Malgré nos recherches, il semble y avoir très peu de production scientifique sur les enjeux urbains au Lesotho. Notons seulement le travail de Lochner Marais sur les dilemmes et les enjeux urbains au Lesotho (2001). Il ne semble pas y avoir de programme de recherche ou des projets d’intervention pour l’amélioration du milieu qui soient financés par des ONG ou des organisations internationales. Au niveau de la formation, nommons la faculté des sciences sociales de la National University of Lesotho, qui offre une formation de premier cycle en planification urbaine et régionale et une formation en administration publique.

Malawi
Le Malawi, avec le Libéria, est le pays qui s’urbanise le plus rapidement en Afrique anglophone. Selon une étude du British Department for International Development, alors qu’en 1998, 14% de la population vivait en ville et que ce pourcentage a monté à 24% en 2004, les estimations montrent qu’en 2020, c’est 44% de la population du Malawi qui vivra en ville (Ndoye, 2004). Malheureusement, cette rapide croissance urbaine n’est pas associée à une croissance économique. Conséquemment, la pauvreté urbaine devient un fardeau pour ce pays. Les bidonvilles sont de plus en plus importants et leur développement s’accélère autour des villes (UN-Habitat, n.d.). Dans ce contexte, UN-Habitat supporte les efforts du gouvernement et de plusieurs ONG afin de favoriser une industrialisation durable du pays et afin de mettre en place des programmes de logements (Cities Without Slums Programme, Malawi National Slum Upgrading Programme, Malawi Housing Policy).

Bien qu’il y ait peu de littérature récente sur les enjeux urbains au Malawi, nous avons trouvé certains travaux portant sur les retombées négatives de la croissance urbaine rapide, entre autres au niveau de la pauvreté (Chilowa, 1999) et de la salubrité urbaine et leurs conséquences sur la santé des enfants, sur les conditions de vie, sur la dépendance alimentaire (Mkwambisi, 2008), sur les milieux, sur les ressources (l’accès et la préservation) et sur l’habitat urbain (Manda, 1996 ; Chilowa, 1996 ; Nyasule et Cloete, 2005). Ces travaux ont souvent une connotation davantage sociale et humanitaire qu’urbaine. Au niveau de la formation, l’Université du Malawi possède un département de géographie et des sciences de la terre qui offre des cours de premier cycle s’attardant aux enjeux urbains et régionaux, tels que urban studies and principles of town planning, rural development studies, principles of regional planning, advanced town planning.

Namibie
La Namibie, avec l’Afrique du Sud et dans une moindre mesure l’Ouganda et le Kenya, sont des pays ayant appliqué de différentes manières et à différents degrés une politique d’apartheid. Ainsi, la capitale de la Namibie, Windhoek, est une ville où la recherche d’un ordre par l’institutionnalisation d’une ségrégation raciale et ethnique a été poussée à l’extrême. L’espace urbain de la ville a été divisé en trois zones résidentielles distinctes : un township pour les Noirs, un second pour les Métis et le reste de la ville était réservée aux Blancs (Sohn, 2000). Les agencements spatiaux devaient minimiser les interactions sociales afin d’assurer une absence totale de mixité. La trame urbaine à Windhoek était donc grandement conçue en tant que lieu d’exploitation et de domination des populations africaines (Sohn, 2005). Conséquemment à l’urbanisation tardive de certaines populations à cause de l’apartheid, près de 40% de la population namibienne vit présentement dans des habitations informelles et est confrontée à de graves problèmes de chômage, surtout dans le Nord et chez les jeunes (Fjeldstad, Geisler et al, 2005 : VIII).

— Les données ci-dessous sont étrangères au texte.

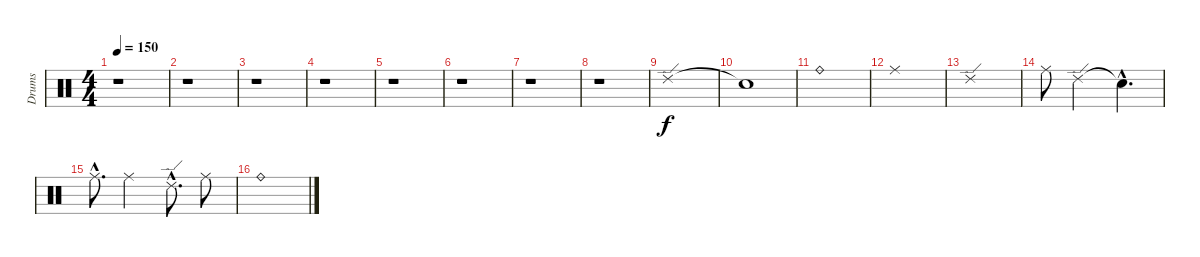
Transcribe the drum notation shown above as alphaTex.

\track ("Drums" "Drums") {instrument percussion}
\staff {score}
\articulation defaults
\ts (4 4)
\tempo 150
\clef neutral
\ks c
r.1{dy f} |
r.1 |
r.1 |
r.1 |
r.1 |
r.1 |
r.1 |
r.1 |
"Ride (edge) 2".1 |
"Snare (hit)"{t}.1 |
"Ride (bell)".1 |
"Ride (middle)".1 |
"Ride (edge) 2".1 |
"Ride (middle)".8 "Ride (edge) 2".2 "Snare (hit)"{hac t}.4{d} |
"Ride (middle)"{hac}.8{d} "Ride (middle)".2 "Ride (edge) 2"{hac}.8{d} "Ride (middle)".8 |
"Ride (bell)".1

Ce pays est au centre de peu de recherches ou travaux portant sur l’urbain. Plus tardives, les quelques recherches furent en priorité consacrées à l’évaluation de l’héritage de l’apartheid (au niveau de l’aménagement de la ville et des inégalités qui demeurent - Dubresson et Graffe, 1999 ; Sohn, 2000, 2005 ; Peyroux, 2004, 2005, au niveau de l’urbanisation de la pauvreté et de la survie alimentaire et au niveau des mouvements de migrations ou de déplacements – Frayne et Pendleton, 2001). Les vues d’ensemble sur le processus d’urbanisation du pays demeurent rares (Gervais-Lambony, Jaglin et Mabin, 1999). Quant à la formation universitaire, elle s’intéresse très peu aux questions urbaines. La faculty of humanities & social sciences de l’University of Malawi possède un département de géographie, d’histoire et d’études environnementales dont certains cours couvrent quelques enjeux urbains. De plus, la faculté possède depuis 2002 un laboratoire pour les analyses spatiales.
 
Swaziland
Étant donné sa grande dépendance économique envers l’Afrique du Sud, l’urbanisation au Swaziland, qui est encore une monarchie, a été soumise aux aléas économiques de la région. La précarité de la vie dans les campagnes était si grande qu’une grande partie de la population s’est vue forcée de migrer vers les villes alors qu’elles n’étaient pas en mesure de les accueillir (Miles Mafafo, 2001). Aujourd’hui, 40% de la population active est incapable de se trouver un emploi (Sihlongonyane, 2003 :246). Ce contexte politico-économique explique en partie pourquoi le pays est si peu urbanisé (19% en 2008) et pourquoi le taux de croissance urbaine demeure faible (1,7% entre 2005 et 2010). En 2003, Manzini, la plus grande ville du pays compte une population de 70 000 habitants, alors que la capitale du pays (Mbabane) regroupe 58 320 habitants (Sihlongonyane, 2003 : 247). Les chercheurs notent que la croissance urbaine au Swaziland, bien que lente, est non-planifiée et incontrôlée, ce qui aggrave les problèmes d’emplois et de mises à pied, de déficits, de violences urbaines et de pillages (Sihlongonyane, 2003 : 253-254).  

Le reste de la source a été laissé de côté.